Your completion of the notebook exercises will be graded based on your ability to do the following:

Understand: Do your pseudo-code and comments show evidence that you recall and understand technical concepts?

Apply: Are you able to execute code (using the supplied examples) that performs the required functionality on supplied or generated data sets?

Notebook objectives:

By the end of this notebook, you will be expected to:

  • Understand the importance, challenges, and approaches to personal data protection;
  • Identify the dimensions across which big data differs from traditional data sets;
  • Understand the concept of unicity;
  • Use coarsening to anonymize personal information in data; and
  • Understand the limitations of anonymization in the context of big data.

List of exercises:

  • Exercise 1: Calculate the unicity of a raw data set.
  • Exercise 2: Calculate and interpret the unicity of a coarsened data set.
  • Exercise 3: Identify limitations of data anonymization in the context of big data, and suggest alternative data-protection mechanisms.

Notebook introduction

In the video content, Cameron Kerry indicated that the law lags too far behind technology to answer many of the hard questions around data protection. He then went on to elaborate that, in many cases, the question becomes not just what you must do, but rather, what you should do in order to establish and maintain a trust relationship.

Sharing data (collected about individuals) between entities poses a risk to privacy and trust, and is regulated in most parts of the world. The European Union recently passed the General Data Protection Regulation (GDPR), which addresses the treatment of personal information, as well as the rights of the individuals whose information has been collected. Penalties are based on a tiered approach, and some infringements can result in fines of up to 4% of annual worldwide turnover, and €20 million. It is often the case that the information to be shared needs to be anonymous. In some cases, ensuring anonymity removes the data from the jurisdiction of certain laws. The application of the laws is a complex task that needs to be carefully implemented to ensure compliance. Refer to Stefan Nerinckx’s article on the new EU data protection regime for additional context.

Pseudonymization – the removal of direct identifiers – is the first step to anonymize data.
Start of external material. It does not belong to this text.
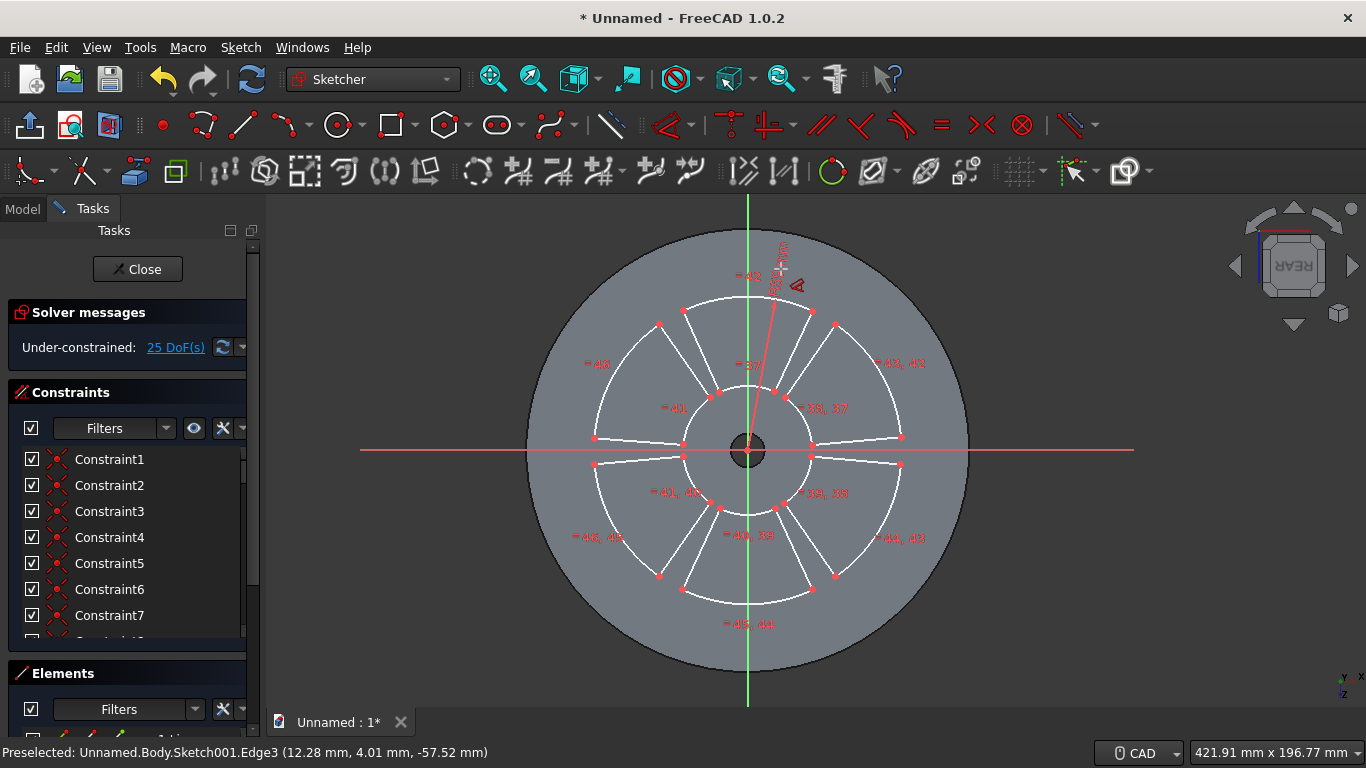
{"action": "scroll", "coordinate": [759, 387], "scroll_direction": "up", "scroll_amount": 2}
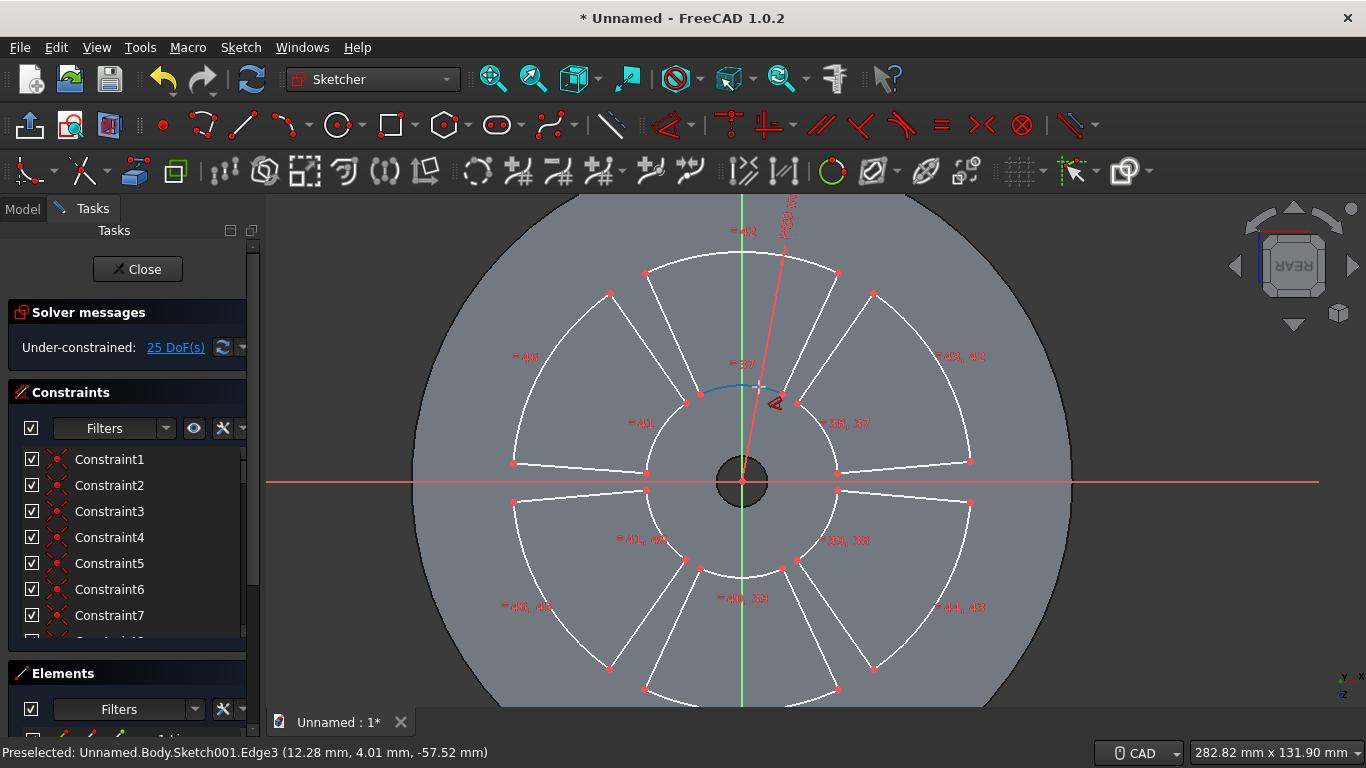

This is achieved by removing direct identifiers such as names, surnames, social insurance numbers, and phone numbers; or by replacing them with random or hashed (and salted – see the NYC taxi cab example) values.

However, cases like William Weld's show that pseudonymization is not sufficient to prevent the reidentification of individuals in pseudonymized data sets. In 1990, the Massachusetts Group Insurance Commission (GIC) released hospital data to researchers for the purpose of improving healthcare and controlling costs. At the time GIC released the data, William Weld, then Governor of Massachusetts, assured the public that GIC had protected patient privacy by deleting identifiers (Sweeney 2002).

Note:

Latanya Sweeney was a graduate student at MIT at that stage. She bought the data, reidentified Governor Weld's medical records, and sent these to him (Sweeney 2002).

Sweeney (2002) later demonstrated that 87% of Americans can be uniquely identified by their zip code, gender, and birth date.

This value (i.e., the percentage of unique and, thus, identifiable members of the data set knowing a couple of quasi-identifiers) has been conceptualized as uniqueness.

While the numerous, available sources of data may reveal insights into human behavior, it is important to be sensitive to the legal and ethical considerations when dealing with them. These sources of data include census data, medical records, financial and transaction data, loyalty cards, mobility data, mobile phone data, browsing history and ratings, research-based or observational data, etc.

You can review the seven principles of privacy by design, for more information.

Note:
It is strongly recommended that you save and checkpoint after applying significant changes or completing exercises. This allows you to return the notebook to a previous state should you wish to do so. On the Jupyter menu, select "File", then "Save and Checkpoint" from the dropdown menu that appears.

1. Uniqueness and k-anonymity

Uniqueness refers to the fraction of unique records in a particular data set (i.e., the number of individuals who are identifiable, given the fields).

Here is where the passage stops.